Signed-off-by: Tetsuo Handa <penguin-kernel@I-love.SAKURA.ne.jp>
Cc: Peter Zijlstra <peterz@infradead.org>
Cc: Ingo Molnar <mingo@redhat.com>
Cc: Will Deacon <will.deacon@arm.com>
Cc: Dmitry Vyukov <dvyukov@google.com>
---
 fs/super.c        |  4 ++++
 lib/Kconfig.debug | 13 +++++++++++++
 2 files changed, 17 insertions(+)

Comments

Dmitry Vyukov June 15, 2018, 9:19 a.m. UTC | #1

On Thu, Jun 14, 2018 at 12:33 PM, Tetsuo Handa
<penguin-kernel@i-love.sakura.ne.jp> wrote:
> On 2018/06/11 16:39, Dmitry Vyukov wrote:
>> On Mon, Jun 11, 2018 at 9:30 AM, Peter Zijlstra <peterz@infradead.org> wrote:
>>> On Sun, Jun 10, 2018 at 11:47:56PM +0900, Tetsuo Handa wrote:
>>>
>>>> This looks quite strange that nobody is holding percpu_rw_semaphore for
>>>> write but everybody is stuck trying to hold it for read. (Since there
>>>> is no "X locks held by ..." line without followup "#0:" line, there is
>>>> no possibility that somebody is in TASK_RUNNING state while holding
>>>> percpu_rw_semaphore for write.)
>>>>
>>>> I feel that either API has a bug or API usage is wrong.
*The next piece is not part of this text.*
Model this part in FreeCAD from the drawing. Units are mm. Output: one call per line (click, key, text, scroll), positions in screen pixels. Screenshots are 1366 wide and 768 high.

>>>> Any idea for debugging this?
>>>
>>> Look at percpu_rwsem_release() and usage. The whole fs freezer thing is
>>> magic.
>>
>> Do you mean that we froze fs? We tried to never-ever issue
>> ioctl(FIFREEZE) during fuzzing. Are there other ways to do this?
>>
>
> Dmitry, can you try this patch? If you can get
>
> [   48.080875] ================================================
> [   48.083648] WARNING: lock held when returning to user space!
> [   48.086384] 4.17.0+ #588 Tainted: G                T
> [   48.088890] ------------------------------------------------
> [   48.091447] a.out/1243 is leaving the kernel with locks still held!
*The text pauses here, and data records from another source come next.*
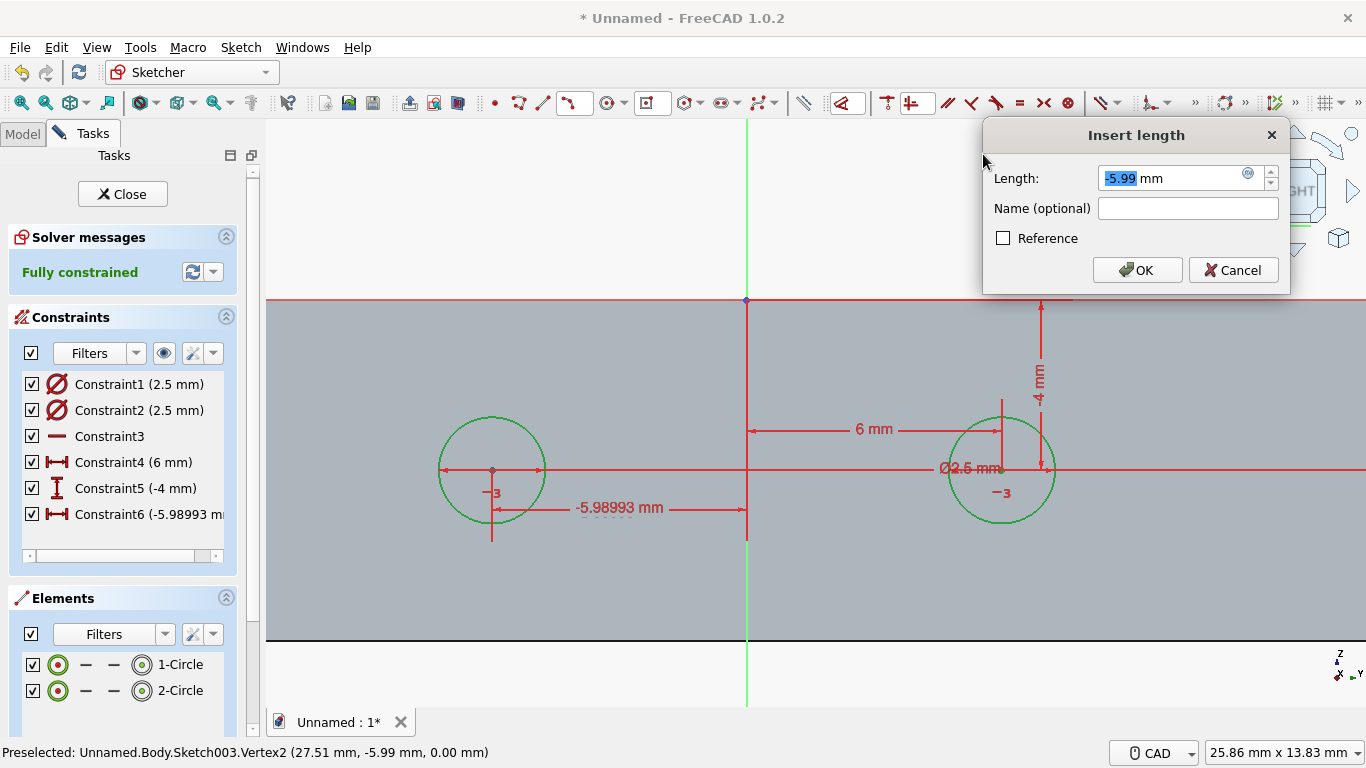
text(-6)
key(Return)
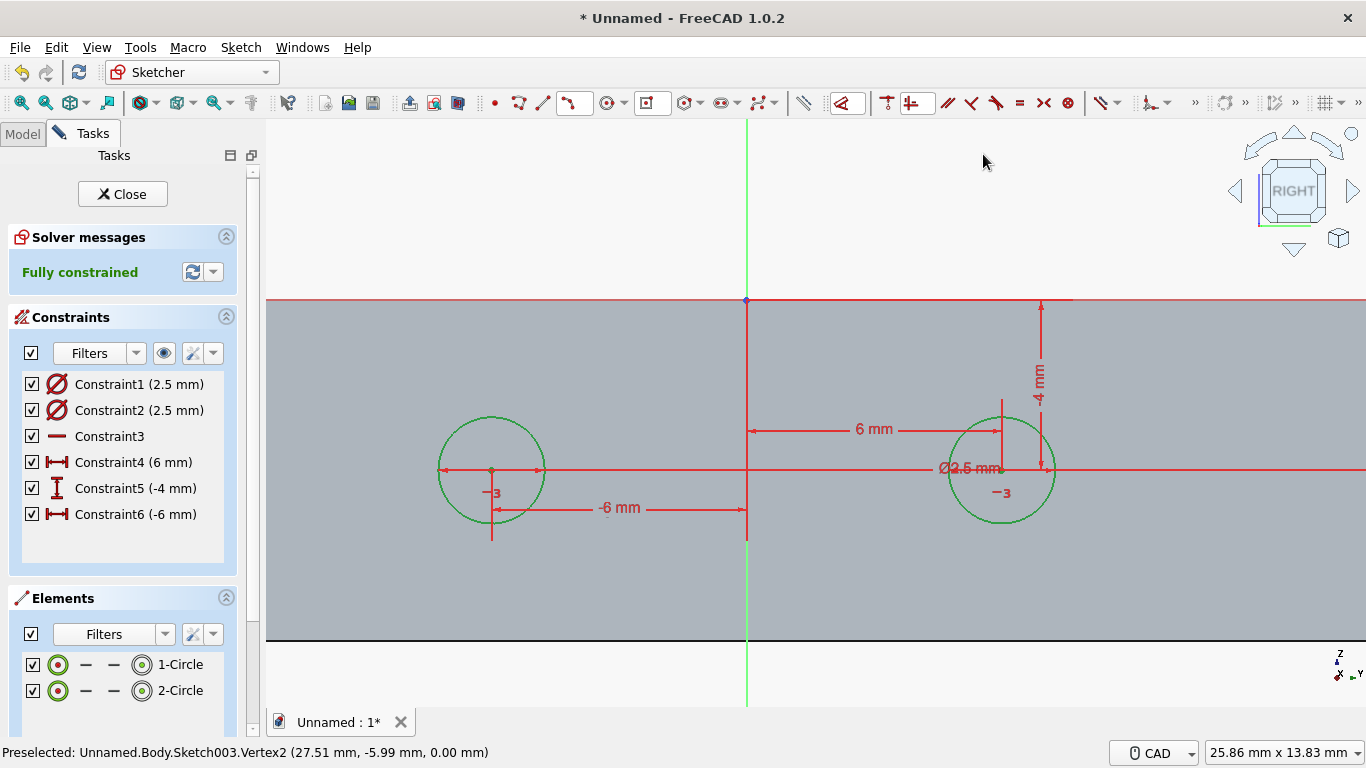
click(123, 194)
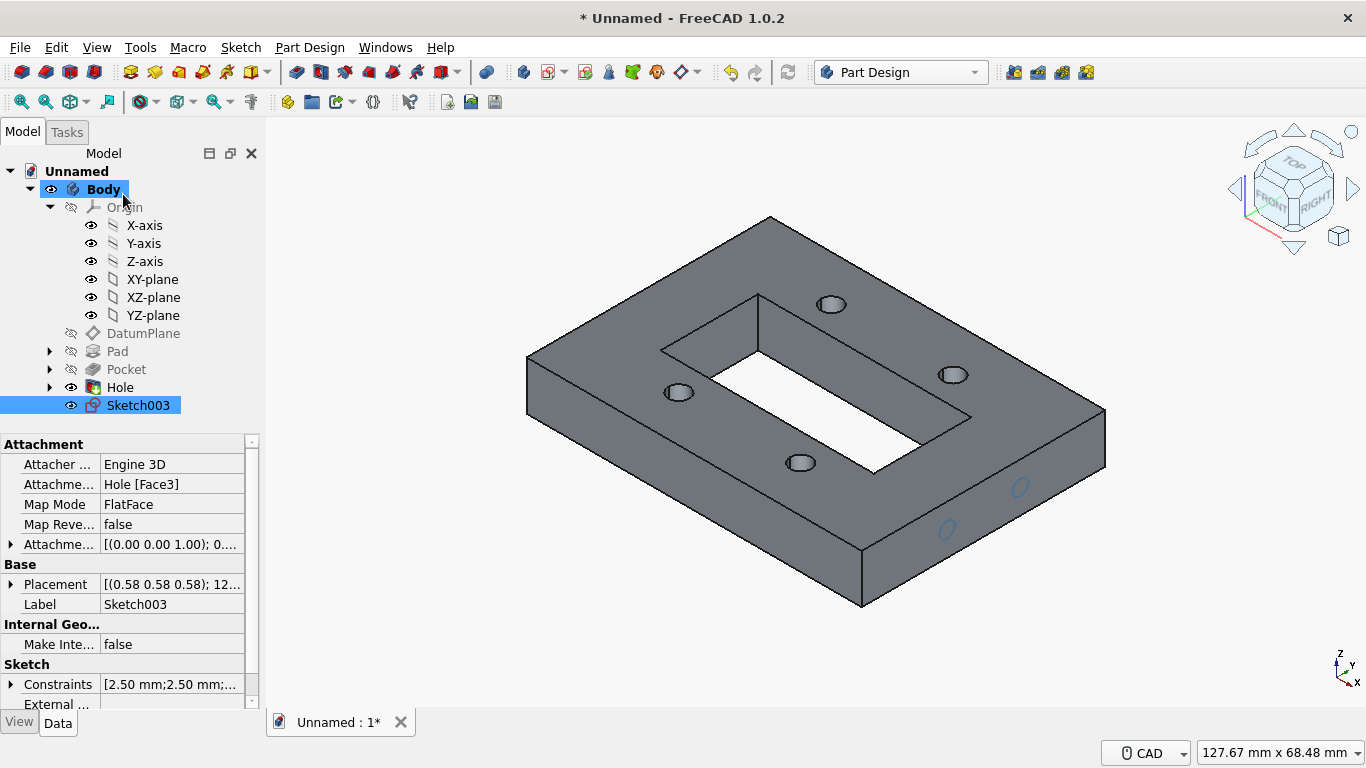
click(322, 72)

> [   48.093487] 3 locks held by a.out/1243:
> [   48.094964]  #0: 00000000148ae74c (sb_writers#8){++++}, at: percpu_down_write+0x1d/0x110
> [   48.097622]  #1: 000000001c9e7d4d (sb_pagefaults){++++}, at: percpu_down_write+0x1d/0x110
> [   48.100432]  #2: 000000003c3d2e71 (sb_internal){++++}, at: percpu_down_write+0x1d/0x110
>
> with this patch, there is a way to return to userspace with locks held.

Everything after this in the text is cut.